Dataset records

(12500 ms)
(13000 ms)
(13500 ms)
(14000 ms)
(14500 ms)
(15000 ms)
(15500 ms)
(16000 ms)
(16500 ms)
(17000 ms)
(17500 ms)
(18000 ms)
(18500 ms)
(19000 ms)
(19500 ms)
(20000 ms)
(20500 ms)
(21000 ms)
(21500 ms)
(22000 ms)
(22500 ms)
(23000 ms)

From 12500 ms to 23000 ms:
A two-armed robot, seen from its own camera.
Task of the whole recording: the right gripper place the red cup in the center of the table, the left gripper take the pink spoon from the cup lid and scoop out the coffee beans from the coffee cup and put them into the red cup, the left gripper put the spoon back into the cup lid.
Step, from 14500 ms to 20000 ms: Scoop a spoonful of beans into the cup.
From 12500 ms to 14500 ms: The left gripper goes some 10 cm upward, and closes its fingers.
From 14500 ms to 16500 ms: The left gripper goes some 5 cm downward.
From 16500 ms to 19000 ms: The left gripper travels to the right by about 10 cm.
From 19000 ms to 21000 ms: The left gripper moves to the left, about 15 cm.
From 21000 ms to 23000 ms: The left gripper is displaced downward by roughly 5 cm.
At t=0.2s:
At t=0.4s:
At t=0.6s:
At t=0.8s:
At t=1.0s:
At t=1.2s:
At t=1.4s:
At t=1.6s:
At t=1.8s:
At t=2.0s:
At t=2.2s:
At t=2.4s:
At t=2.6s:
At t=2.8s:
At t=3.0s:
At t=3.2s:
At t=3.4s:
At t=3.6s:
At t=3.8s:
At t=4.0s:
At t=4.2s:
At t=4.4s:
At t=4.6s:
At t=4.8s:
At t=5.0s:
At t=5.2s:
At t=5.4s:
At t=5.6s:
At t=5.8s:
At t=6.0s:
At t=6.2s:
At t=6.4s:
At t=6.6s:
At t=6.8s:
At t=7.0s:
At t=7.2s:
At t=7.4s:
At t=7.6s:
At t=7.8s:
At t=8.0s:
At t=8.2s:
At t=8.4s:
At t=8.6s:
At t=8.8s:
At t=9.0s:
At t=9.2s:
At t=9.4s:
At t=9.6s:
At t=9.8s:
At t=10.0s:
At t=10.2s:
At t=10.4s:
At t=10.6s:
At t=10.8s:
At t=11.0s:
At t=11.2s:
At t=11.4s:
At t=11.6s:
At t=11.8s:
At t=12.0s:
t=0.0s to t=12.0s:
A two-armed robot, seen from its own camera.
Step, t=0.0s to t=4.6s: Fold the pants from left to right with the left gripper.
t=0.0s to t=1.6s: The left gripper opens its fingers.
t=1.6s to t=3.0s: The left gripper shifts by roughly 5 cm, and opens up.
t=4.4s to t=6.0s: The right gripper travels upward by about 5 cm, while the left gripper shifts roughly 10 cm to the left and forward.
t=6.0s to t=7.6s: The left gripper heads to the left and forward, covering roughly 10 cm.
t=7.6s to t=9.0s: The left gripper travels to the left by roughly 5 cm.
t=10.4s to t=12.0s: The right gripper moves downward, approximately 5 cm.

Required work: All of the data needs to be repeated exactly.

Answer to this task:
(12500 ms)
(13000 ms)
(13500 ms)
(14000 ms)
(14500 ms)
(15000 ms)
(15500 ms)
(16000 ms)
(16500 ms)
(17000 ms)
(17500 ms)
(18000 ms)
(18500 ms)
(19000 ms)
(19500 ms)
(20000 ms)
(20500 ms)
(21000 ms)
(21500 ms)
(22000 ms)
(22500 ms)
(23000 ms)

From 12500 ms to 23000 ms:
A two-armed robot, seen from its own camera.
Task of the whole recording: the right gripper place the red cup in the center of the table, the left gripper take the pink spoon from the cup lid and scoop out the coffee beans from the coffee cup and put them into the red cup, the left gripper put the spoon back into the cup lid.
Step, from 14500 ms to 20000 ms: Scoop a spoonful of beans into the cup.
From 12500 ms to 14500 ms: The left gripper goes some 10 cm upward, and closes its fingers.
From 14500 ms to 16500 ms: The left gripper goes some 5 cm downward.
From 16500 ms to 19000 ms: The left gripper travels to the right by about 10 cm.
From 19000 ms to 21000 ms: The left gripper moves to the left, about 15 cm.
From 21000 ms to 23000 ms: The left gripper is displaced downward by roughly 5 cm.
At t=0.2s:
At t=0.4s:
At t=0.6s:
At t=0.8s:
At t=1.0s:
At t=1.2s:
At t=1.4s:
At t=1.6s:
At t=1.8s:
At t=2.0s:
At t=2.2s:
At t=2.4s:
At t=2.6s:
At t=2.8s:
At t=3.0s:
At t=3.2s:
At t=3.4s:
At t=3.6s:
At t=3.8s:
At t=4.0s:
At t=4.2s:
At t=4.4s:
At t=4.6s:
At t=4.8s:
At t=5.0s:
At t=5.2s:
At t=5.4s:
At t=5.6s:
At t=5.8s:
At t=6.0s:
At t=6.2s:
At t=6.4s:
At t=6.6s:
At t=6.8s:
At t=7.0s:
At t=7.2s:
At t=7.4s:
At t=7.6s:
At t=7.8s:
At t=8.0s:
At t=8.2s:
At t=8.4s:
At t=8.6s:
At t=8.8s:
At t=9.0s:
At t=9.2s:
At t=9.4s:
At t=9.6s:
At t=9.8s:
At t=10.0s:
At t=10.2s:
At t=10.4s:
At t=10.6s:
At t=10.8s:
At t=11.0s:
At t=11.2s:
At t=11.4s:
At t=11.6s:
At t=11.8s:
At t=12.0s:
t=0.0s to t=12.0s:
A two-armed robot, seen from its own camera.
Step, t=0.0s to t=4.6s: Fold the pants from left to right with the left gripper.
t=0.0s to t=1.6s: The left gripper opens its fingers.
t=1.6s to t=3.0s: The left gripper shifts by roughly 5 cm, and opens up.
t=4.4s to t=6.0s: The right gripper travels upward by about 5 cm, while the left gripper shifts roughly 10 cm to the left and forward.
t=6.0s to t=7.6s: The left gripper heads to the left and forward, covering roughly 10 cm.
t=7.6s to t=9.0s: The left gripper travels to the left by roughly 5 cm.
t=10.4s to t=12.0s: The right gripper moves downward, approximately 5 cm.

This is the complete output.